If you look at the Barclays premier league table you notice that offence is Man utd biggest weaknes. They had the best defence (conseded 35goals) but one of the worst offence (scored only 49) in the league something which was clear to me at the start of the season when they sold Chicharito and were left only with injured ol Rooney in the offence. They bought Martial soon enough but it was not enough. One or two top CF would change everything.

In a way I am glad that LVG left because it was a pain to watch them play but given the team he had and the injuries they had its a miracle they ended in 5th place overall so good job to him.

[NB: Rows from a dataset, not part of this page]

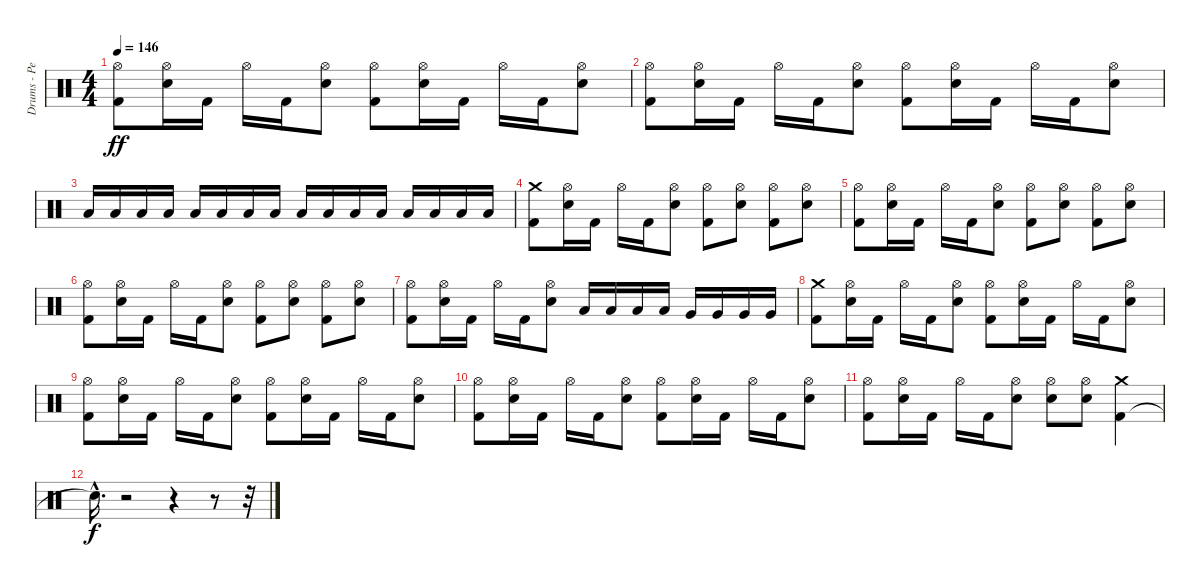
\track ("Drums - Pete Finestone" "Drums - Pe") {instrument percussion}
\staff {score}
\articulation defaults
\ts (4 4)
\tempo 146
\clef neutral
\ks c
("Kick (hit) 2" "Hi-Hat (open)").8{dy ff} ("Electric Snare (hit)" "Hi-Hat (open)").16 "Kick (hit) 2".16 "Hi-Hat (open)".16 "Kick (hit) 2".16 ("Electric Snare (hit)" "Hi-Hat (open)").8 ("Kick (hit) 2" "Hi-Hat (open)").8 ("Electric Snare (hit)" "Hi-Hat (open)").16 "Kick (hit) 2".16 "Hi-Hat (open)".16 "Kick (hit) 2".16 ("Electric Snare (hit)" "Hi-Hat (open)").8 |
("Kick (hit) 2" "Hi-Hat (open)").8 ("Electric Snare (hit)" "Hi-Hat (open)").16 "Kick (hit) 2".16 "Hi-Hat (open)".16 "Kick (hit) 2".16 ("Electric Snare (hit)" "Hi-Hat (open)").8 ("Kick (hit) 2" "Hi-Hat (open)").8 ("Electric Snare (hit)" "Hi-Hat (open)").16 "Kick (hit) 2".16 "Hi-Hat (open)".16 "Kick (hit) 2".16 ("Electric Snare (hit)" "Hi-Hat (open)").8 |
"Low Tom (hit)".16 "Low Tom (hit)".16 "Low Tom (hit)".16 "Low Tom (hit)".16 "Low Tom (hit)".16 "Low Tom (hit)".16 "Low Tom (hit)".16 "Low Tom (hit)".16 "Low Tom (hit)".16 "Low Tom (hit)".16 "Low Tom (hit)".16 "Low Tom (hit)".16 "Low Tom (hit)".16 "Low Tom (hit)".16 "Low Tom (hit)".16 "Low Tom (hit)".16 |
("Crash medium (hit)" "Kick (hit) 2").8 ("Electric Snare (hit)" "Hi-Hat (open)").16 "Kick (hit) 2".16 "Hi-Hat (open)".16 "Kick (hit) 2".16 ("Electric Snare (hit)" "Hi-Hat (open)").8 ("Kick (hit) 2" "Hi-Hat (open)").8 ("Electric Snare (hit)" "Hi-Hat (open)").8 ("Kick (hit) 2" "Hi-Hat (open)").8 ("Electric Snare (hit)" "Hi-Hat (open)").8 |
("Kick (hit) 2" "Hi-Hat (open)").8 ("Electric Snare (hit)" "Hi-Hat (open)").16 "Kick (hit) 2".16 "Hi-Hat (open)".16 "Kick (hit) 2".16 ("Electric Snare (hit)" "Hi-Hat (open)").8 ("Kick (hit) 2" "Hi-Hat (open)").8 ("Electric Snare (hit)" "Hi-Hat (open)").8 ("Kick (hit) 2" "Hi-Hat (open)").8 ("Electric Snare (hit)" "Hi-Hat (open)").8 |
("Hi-Hat (open)" "Kick (hit) 2").8 ("Hi-Hat (open)" "Electric Snare (hit)").16 "Kick (hit) 2".16 "Hi-Hat (open)".16 "Kick (hit) 2".16 ("Hi-Hat (open)" "Electric Snare (hit)").8 ("Hi-Hat (open)" "Kick (hit) 2").8 ("Hi-Hat (open)" "Electric Snare (hit)").8 ("Hi-Hat (open)" "Kick (hit) 2").8 ("Hi-Hat (open)" "Electric Snare (hit)").8 |
("Kick (hit) 2" "Hi-Hat (open)").8 ("Electric Snare (hit)" "Hi-Hat (open)").16 "Kick (hit) 2".16 "Hi-Hat (open)".16 "Kick (hit) 2".16 ("Electric Snare (hit)" "Hi-Hat (open)").8 "Low Tom (hit)".16 "Low Tom (hit)".16 "Low Tom (hit)".16 "Low Tom (hit)".16 "Very Low Tom (hit)".16 "Very Low Tom (hit)".16 "Very Low Tom (hit)".16 "Very Low Tom (hit)".16 |
("Kick (hit) 2" "Crash medium (hit)").8 ("Electric Snare (hit)" "Hi-Hat (open)").16 "Kick (hit) 2".16 "Hi-Hat (open)".16 "Kick (hit) 2".16 ("Electric Snare (hit)" "Hi-Hat (open)").8 ("Kick (hit) 2" "Hi-Hat (open)").8 ("Electric Snare (hit)" "Hi-Hat (open)").16 "Kick (hit) 2".16 "Hi-Hat (open)".16 "Kick (hit) 2".16 ("Electric Snare (hit)" "Hi-Hat (open)").8 |
("Kick (hit) 2" "Hi-Hat (open)").8 ("Electric Snare (hit)" "Hi-Hat (open)").16 "Kick (hit) 2".16 "Hi-Hat (open)".16 "Kick (hit) 2".16 ("Electric Snare (hit)" "Hi-Hat (open)").8 ("Kick (hit) 2" "Hi-Hat (open)").8 ("Electric Snare (hit)" "Hi-Hat (open)").16 "Kick (hit) 2".16 "Hi-Hat (open)".16 "Kick (hit) 2".16 ("Electric Snare (hit)" "Hi-Hat (open)").8 |
("Kick (hit) 2" "Hi-Hat (open)").8 ("Electric Snare (hit)" "Hi-Hat (open)").16 "Kick (hit) 2".16 "Hi-Hat (open)".16 "Kick (hit) 2".16 ("Electric Snare (hit)" "Hi-Hat (open)").8 ("Kick (hit) 2" "Hi-Hat (open)").8 ("Electric Snare (hit)" "Hi-Hat (open)").16 "Kick (hit) 2".16 "Hi-Hat (open)".16 "Kick (hit) 2".16 ("Electric Snare (hit)" "Hi-Hat (open)").8 |
("Kick (hit) 2" "Hi-Hat (open)").8 ("Electric Snare (hit)" "Hi-Hat (open)").16 "Kick (hit) 2".16 "Hi-Hat (open)".16 "Kick (hit) 2".16 ("Electric Snare (hit)" "Hi-Hat (open)").8 ("Electric Snare (hit)" "Hi-Hat (open)").8 ("Electric Snare (hit)" "Hi-Hat (open)").8 ("Kick (hit) 2" "Crash medium (hit)").4 |
"Snare (hit)"{hac t}.16{d dy f} r.2 r.4 r.8 r.32

Dont know what Mourinho will bring to the game if not more boring-ness. I suggest Mata will soon be a free player, maybe even Rooney as he once said he does not want to play under Mourinho.
I just fear that Man utd will be sucked into the average category along side Liverpool, Milan, Inter...if they dont create a comeback in the next 2 seasons.


----------



## danwel

A&J said:


> If you look at the Barclays premier league table you notice that offence is Man utd biggest weaknes. They had the best defence (conseded 35goals) but one of the worst offence (scored only 49) in the league something which was clear to me at the start of the season when they sold Chicharito and were left only with injured ol Rooney in the offence. They bought Martial soon enough but it was not enough. One or two top CF would change everything.
> 
> In a way I am glad that LVG left because it was a pain to watch them play but given the team he had and the injuries they had its a miracle they ended in 5th place overall so good job to him.
> 
> Dont know what Mourinho will bring to the game if not more boring-ness. I suggest Mata will soon be a free player, maybe even Rooney as he once said he does not want to play under Mourinho.
> I just fear that Man utd will be sucked into the average category along side Liverpool, Milan, Inter...if they dont create a comeback in the next 2 seasons.

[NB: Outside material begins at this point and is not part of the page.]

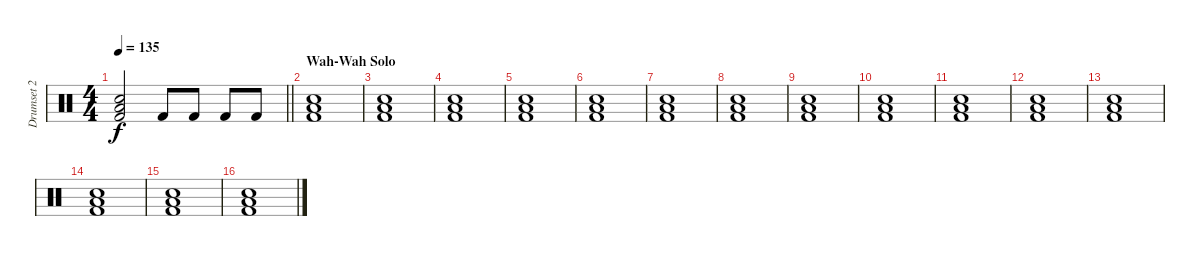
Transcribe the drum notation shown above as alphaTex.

Very bad move to let Chicarito go, he was a very good player and should have been kept hold of.

Be a shame to see Mata leave as i would love to see him get back to his best at 10 like he was at chelsea for two seasons running where he was unplayable.

When you look at the United team there is no one that you can really say in midfield or attack that you look and think...yeah, he's a world class player we should be worried about him.


----------



## alan hanson

Mor will offer stability and direction, which usually means trophies isn't that what's been missing at utd. United usually have 4 min strikers you have 2 perhaps 3 without any world class talent except in goal throughout. the best defence was because of ball retention you want more exciting attacking footy your defence is very poor and once exposed playing higher up the pitch you ship in lots of goals. 5th as you say was an achievement purely because the other big boys were so poor next year should not be the case so United will have to turn up all season. United won't become average as they have money that's the reason inter and Milan (both still huge clubs) are struggling so much and Italy on awhole except Juve who claim all winning money etc... (plus there new stadium). It's going to be an interesting season. 

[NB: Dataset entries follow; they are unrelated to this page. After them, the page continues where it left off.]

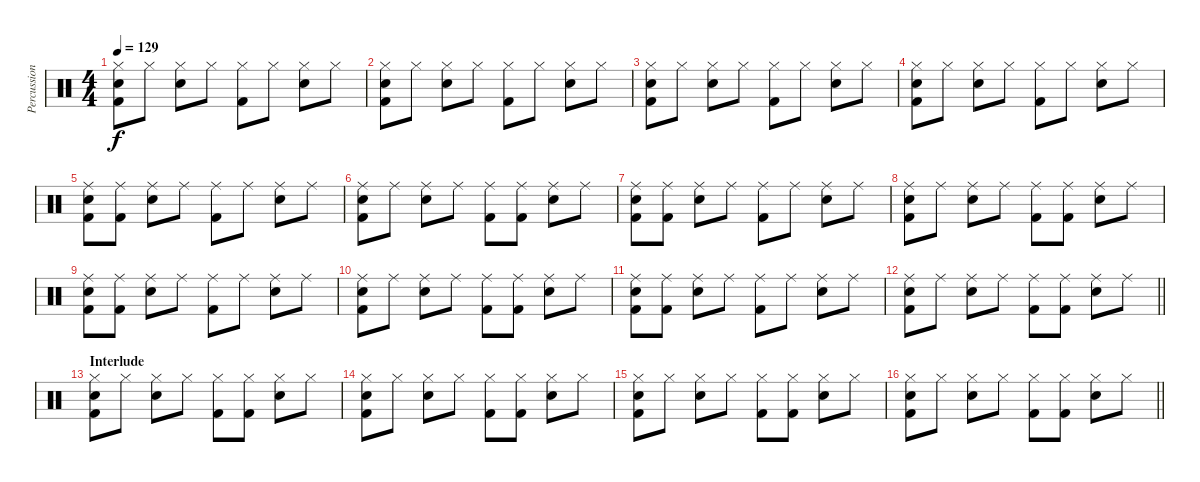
\track ("Percussion" "Percussion") {instrument percussion}
\staff {score}
\articulation defaults
\ts (4 4)
\tempo 129
\clef neutral
\ks c
("Hi-Hat (closed)" "Electric Snare (hit)" "Kick (hit) 2").8{dy f} "Hi-Hat (closed)".8 ("Hi-Hat (closed)" "Electric Snare (hit)").8 "Hi-Hat (closed)".8 ("Hi-Hat (closed)" "Kick (hit) 2").8 "Hi-Hat (closed)".8 ("Hi-Hat (closed)" "Electric Snare (hit)").8 "Hi-Hat (closed)".8 |
("Hi-Hat (closed)" "Electric Snare (hit)" "Kick (hit) 2").8 "Hi-Hat (closed)".8 ("Hi-Hat (closed)" "Electric Snare (hit)").8 "Hi-Hat (closed)".8 ("Hi-Hat (closed)" "Kick (hit) 2").8 "Hi-Hat (closed)".8 ("Hi-Hat (closed)" "Electric Snare (hit)").8 "Hi-Hat (closed)".8 |
("Hi-Hat (closed)" "Electric Snare (hit)" "Kick (hit) 2").8 "Hi-Hat (closed)".8 ("Hi-Hat (closed)" "Electric Snare (hit)").8 "Hi-Hat (closed)".8 ("Hi-Hat (closed)" "Kick (hit) 2").8 "Hi-Hat (closed)".8 ("Hi-Hat (closed)" "Electric Snare (hit)").8 "Hi-Hat (closed)".8 |
("Hi-Hat (closed)" "Electric Snare (hit)" "Kick (hit) 2").8 "Hi-Hat (closed)".8 ("Hi-Hat (closed)" "Electric Snare (hit)").8 "Hi-Hat (closed)".8 ("Hi-Hat (closed)" "Kick (hit) 2").8 "Hi-Hat (closed)".8 ("Hi-Hat (closed)" "Electric Snare (hit)").8 "Hi-Hat (closed)".8 |
("Ride (middle)" "Electric Snare (hit)" "Kick (hit) 2").8 ("Ride (middle)" "Kick (hit) 2").8 ("Ride (middle)" "Electric Snare (hit)").8 "Ride (middle)".8 ("Ride (middle)" "Kick (hit) 2").8 "Ride (middle)".8 ("Ride (middle)" "Electric Snare (hit)").8 "Ride (middle)".8 |
("Ride (middle)" "Electric Snare (hit)" "Kick (hit) 2").8 "Ride (middle)".8 ("Ride (middle)" "Electric Snare (hit)").8 "Ride (middle)".8 ("Ride (middle)" "Kick (hit) 2").8 ("Ride (middle)" "Kick (hit) 2").8 ("Ride (middle)" "Electric Snare (hit)").8 "Ride (middle)".8 |
("Ride (middle)" "Electric Snare (hit)" "Kick (hit) 2").8 ("Ride (middle)" "Kick (hit) 2").8 ("Ride (middle)" "Electric Snare (hit)").8 "Ride (middle)".8 ("Ride (middle)" "Kick (hit) 2").8 "Ride (middle)".8 ("Ride (middle)" "Electric Snare (hit)").8 "Ride (middle)".8 |
("Ride (middle)" "Electric Snare (hit)" "Kick (hit) 2").8 "Ride (middle)".8 ("Ride (middle)" "Electric Snare (hit)").8 "Ride (middle)".8 ("Ride (middle)" "Kick (hit) 2").8 ("Ride (middle)" "Kick (hit) 2").8 ("Ride (middle)" "Electric Snare (hit)").8 "Ride (middle)".8 |
("Ride (middle)" "Electric Snare (hit)" "Kick (hit) 2").8 ("Ride (middle)" "Kick (hit) 2").8 ("Ride (middle)" "Electric Snare (hit)").8 "Ride (middle)".8 ("Ride (middle)" "Kick (hit) 2").8 "Ride (middle)".8 ("Ride (middle)" "Electric Snare (hit)").8 "Ride (middle)".8 |
("Ride (middle)" "Electric Snare (hit)" "Kick (hit) 2").8 "Ride (middle)".8 ("Ride (middle)" "Electric Snare (hit)").8 "Ride (middle)".8 ("Ride (middle)" "Kick (hit) 2").8 ("Ride (middle)" "Kick (hit) 2").8 ("Ride (middle)" "Electric Snare (hit)").8 "Ride (middle)".8 |
("Ride (middle)" "Electric Snare (hit)" "Kick (hit) 2").8 ("Ride (middle)" "Kick (hit) 2").8 ("Ride (middle)" "Electric Snare (hit)").8 "Ride (middle)".8 ("Ride (middle)" "Kick (hit) 2").8 "Ride (middle)".8 ("Ride (middle)" "Electric Snare (hit)").8 "Ride (middle)".8 |
\barLineRight lightlight
("Ride (middle)" "Electric Snare (hit)" "Kick (hit) 2").8 "Ride (middle)".8 ("Ride (middle)" "Electric Snare (hit)").8 "Ride (middle)".8 ("Ride (middle)" "Kick (hit) 2").8 ("Ride (middle)" "Kick (hit) 2").8 ("Ride (middle)" "Electric Snare (hit)").8 "Ride (middle)".8 |
\section ("" "Interlude")
("Hi-Hat (closed)" "Electric Snare (hit)" "Kick (hit) 2").8 "Hi-Hat (closed)".8 ("Hi-Hat (closed)" "Electric Snare (hit)").8 "Hi-Hat (closed)".8 ("Hi-Hat (closed)" "Kick (hit) 2").8 ("Hi-Hat (closed)" "Kick (hit) 2").8 ("Hi-Hat (closed)" "Electric Snare (hit)").8 "Hi-Hat (closed)".8 |
("Hi-Hat (closed)" "Electric Snare (hit)" "Kick (hit) 2").8 "Hi-Hat (closed)".8 ("Hi-Hat (closed)" "Electric Snare (hit)").8 "Hi-Hat (closed)".8 ("Hi-Hat (closed)" "Kick (hit) 2").8 ("Hi-Hat (closed)" "Kick (hit) 2").8 ("Hi-Hat (closed)" "Electric Snare (hit)").8 "Hi-Hat (closed)".8 |
("Hi-Hat (closed)" "Electric Snare (hit)" "Kick (hit) 2").8 "Hi-Hat (closed)".8 ("Hi-Hat (closed)" "Electric Snare (hit)").8 "Hi-Hat (closed)".8 ("Hi-Hat (closed)" "Kick (hit) 2").8 ("Hi-Hat (closed)" "Kick (hit) 2").8 ("Hi-Hat (closed)" "Electric Snare (hit)").8 "Hi-Hat (closed)".8 |
\barLineRight lightlight
("Hi-Hat (closed)" "Electric Snare (hit)" "Kick (hit) 2").8 "Hi-Hat (closed)".8 ("Hi-Hat (closed)" "Electric Snare (hit)").8 "Hi-Hat (closed)".8 ("Hi-Hat (closed)" "Kick (hit) 2").8 ("Hi-Hat (closed)" "Kick (hit) 2").8 ("Hi-Hat (closed)" "Electric Snare (hit)").8 "Hi-Hat (closed)".8

Dj that's a nice shopping list napoli cb is high on quite a few clubs lists Inc United. Still think higuian would be unstoppable at arsenal


----------



## DJ X-Ray

alan hanson said:


> Mor will offer stability and direction, which usually means trophies isn't that what's been missing at utd. United usually have 4 min strikers you have 2 perhaps 3 without any world class talent except in goal throughout. the best defence was because of ball retention you want more exciting attacking footy your defence is very poor and once exposed playing higher up the pitch you ship in lots of goals. 5th as you say was an achievement purely because the other big boys were so poor next year should not be the case so United will have to turn up all season. United won't become average as they have money that's the reason inter and Milan (both still huge clubs) are struggling so much and Italy on awhole except Juve who claim all winning money etc... (plus there new stadium). It's going to be an interesting season.
> 
> Dj that's a nice shopping list napoli cb is high on quite a few clubs lists Inc United. Still think higuian would be unstoppable at arsenal


I'd take Higuain Al, God yeah. You're right mate, there's loads on Koulibaly's case. Need to snap him up quick. He's exactly what we need.


----------



## danwel

All club predjudice aside......Rashford to the World Cup ??

For me he is in form and should go as he'd be a great addition instead of Sturridge who is injury prone.


----------



## Kerr

Sturridge is injury prone, but just look how often he scores goals from nothing. It would be tough leaving him out. 

Rashford probably does deserve a chance. He's done enough recently that says he has a good shout for a place, but it will also give him some tournament experience for the world cup in a couple of years. It's good to break in some youth to the squad. 

The issue is that England now have too many players all wanting the same position. 

Playing Vardy out wide doesn't really work either. He'll suit games against the stronger teams when England have to hit on the break, but placing him out wide doesn't work for me 

I agree picking players in form is a good idea, but there's no point picking players in form if you can't play them at their correct position. 

At least Roy has got choices up front and everyone is focusing on that. It's the dodgy defence that everyone is forgetting about.


----------



## danwel

Kerr said:


> Sturridge is injury prone, but just look how often he scores goals from nothing. It would be tough leaving him out.
> 
> Rashford probably does deserve a chance. He's done enough recently that says he has a good shout for a place, but it will also give him some tournament experience for the world cup in a couple of years. It's good to break in some youth to the squad.
> 
> The issue is that England now have too many players all wanting the same position.
> 
> Playing Vardy out wide doesn't really work either. He'll suit games against the stronger teams when England have to hit on the break, but placing him out wide doesn't work for me
> 
> I agree picking players in form is a good idea, but there's no point picking players in form if you can't play them at their correct position.
> 
> At least Roy has got choices up front and everyone is focusing on that. It's the dodgy defence that everyone is forgetting about.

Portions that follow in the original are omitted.